In crafting the storey for this “Nash Bridges” movie, Chais says he thought a lot about how policing today is different than it was 20 years ago. While he still wanted to capture the same “’80s buddy cop” tone of the original series, he also saw “an opportunity to tell a show about a person who was in ascendancy and the master of all that he surveyed and just kicking ass and everything in one era, and now it’s 20 years later, and it’s a different era and how is he going to function?”

“The difference between the millennials and the boomers” was what Johnson thought gave this story its unique blend of comedy and conflict and made him excited to step back into the world of the show again.

Watch Nash Bridges - USANetwork.com

“There’s a line I ad-libbed that I think encapsulates what we’re talking about here,” he says. “We’re checking our guns and Steven says, ‘What are you doing?’ and we say, ‘We’re checking our guns.’ ‘What for?’ ‘To be ready.’ And he says, ‘Have you ever thought about talking to people?’ Nash goes, ‘Yeah, I love to talk to people if they’re not throwing hot lead at me.

‘”The key, according to both Johnson and Chais, was highlighting the differences between Nash’s old-school ways and today’s, without presenting one as superior to the other.”The idea is that someone who is older and came up in a different way has something to teach and a lot to learn.” “And we felt it worked both ways,” Chais says. “We never wanted to be preachy; we just wanted to be sensitive to the fact that the world is changing.” He wasn’t a part of any problem, but the world has changed, and perhaps there is more he could do to help.”Another thing that needed to change — at least slightly — was Nash’s demeanor.

After all, he, too, is decades older.”I stay fit for the mental part of my being more than for the physical part — though the physical part is incredibly important for flexibility and just living a good, healthy life.” So I felt it was important to bring that to the character, but I also felt it was important to say, ‘OK, you can still bring it, but he’ll wait a minute or two before bringing it.’ “He’s wiser, and he’s less likely to be the testosterone-filled dude who would kick indoors and be the first one through the door and all that he used to be,” Johnson says.

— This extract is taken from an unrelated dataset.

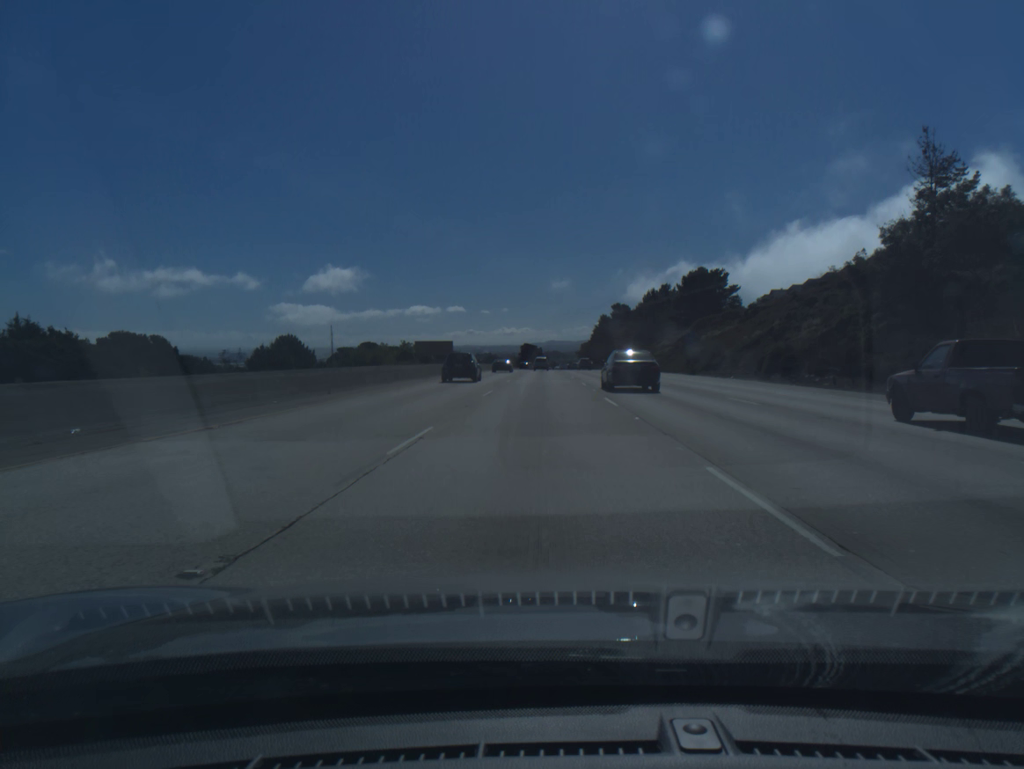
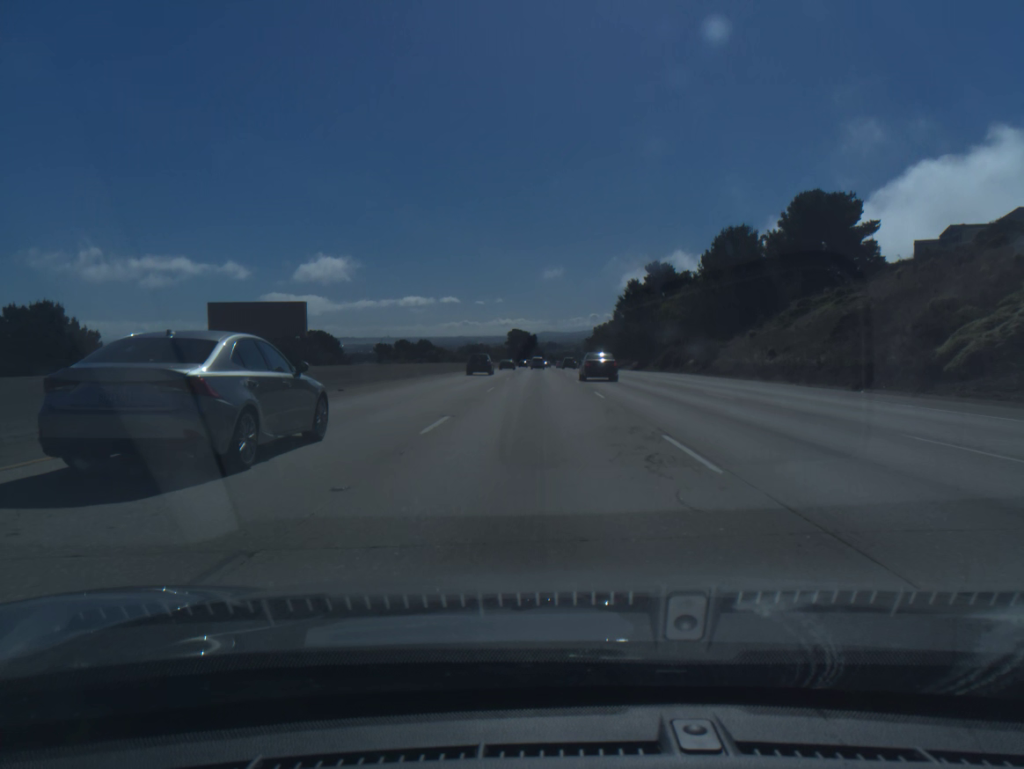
(+0.1, +85.3) m; 0°
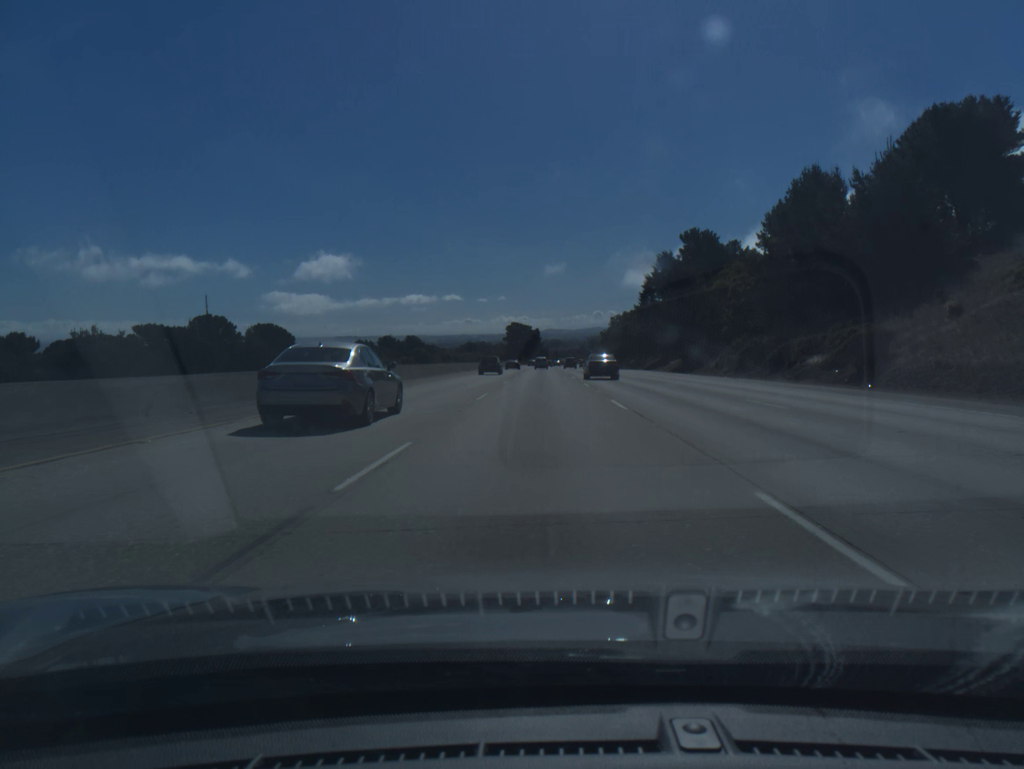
(0.0, +34.3) m; 0°

But he’s still faster than most at jumping into action, and Johnson pushed Chais to do more action sequences for the “Nash Bridges” film.

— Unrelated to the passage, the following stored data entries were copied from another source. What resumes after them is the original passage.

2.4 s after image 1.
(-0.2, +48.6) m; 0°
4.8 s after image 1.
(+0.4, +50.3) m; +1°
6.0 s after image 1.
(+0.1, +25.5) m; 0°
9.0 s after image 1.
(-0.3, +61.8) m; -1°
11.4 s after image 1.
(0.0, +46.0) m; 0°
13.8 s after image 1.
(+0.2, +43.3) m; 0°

Chais, who has worked on shows ranging from “Franklin & Bash” to “Unforgettable” and “Bull,” was excited to inject character banter into high-octane situations like “car chases, gunfights, and oil trucks blowing up.” Because, no matter how much the conversation about law enforcement has changed, one thing has remained constant: how dangerous the job can be.” Nash Bridges” capitalizes on this by introducing a movie villain who is “universally bad,” according to Chais, “so that no matter where you’re coming from, you’re rooting for the bad guy to get got, quick and hard.

Nash Bridges: Don Johnson & Cheech Marin Talk USA Network Return

“Although the story in this two-hour project is self-contained, the refreshed world it creates includes new character dynamics that Chais and Johnson hope to see more of in the future, now that content creators have exponentially more options in the streaming era.”I’m not the type of guy who looks back,” Johnson says. “Opportunities missed are simply missed opportunities.” Do I think there’s anything we can get out of some of the other original characters and bring back some of the people I had on in the first place? Sure, I do. “And I’ve got some fantastic ideas,” Johnson adds.

“In this day and age, I can do them any way I want: I can make it a four-part miniseries with close-ended episodes within an hour, but the miniseries has a runner in it that takes us through four episodes.” It’s liberating, and it provides me with such a diverse palette and canvas to work with.”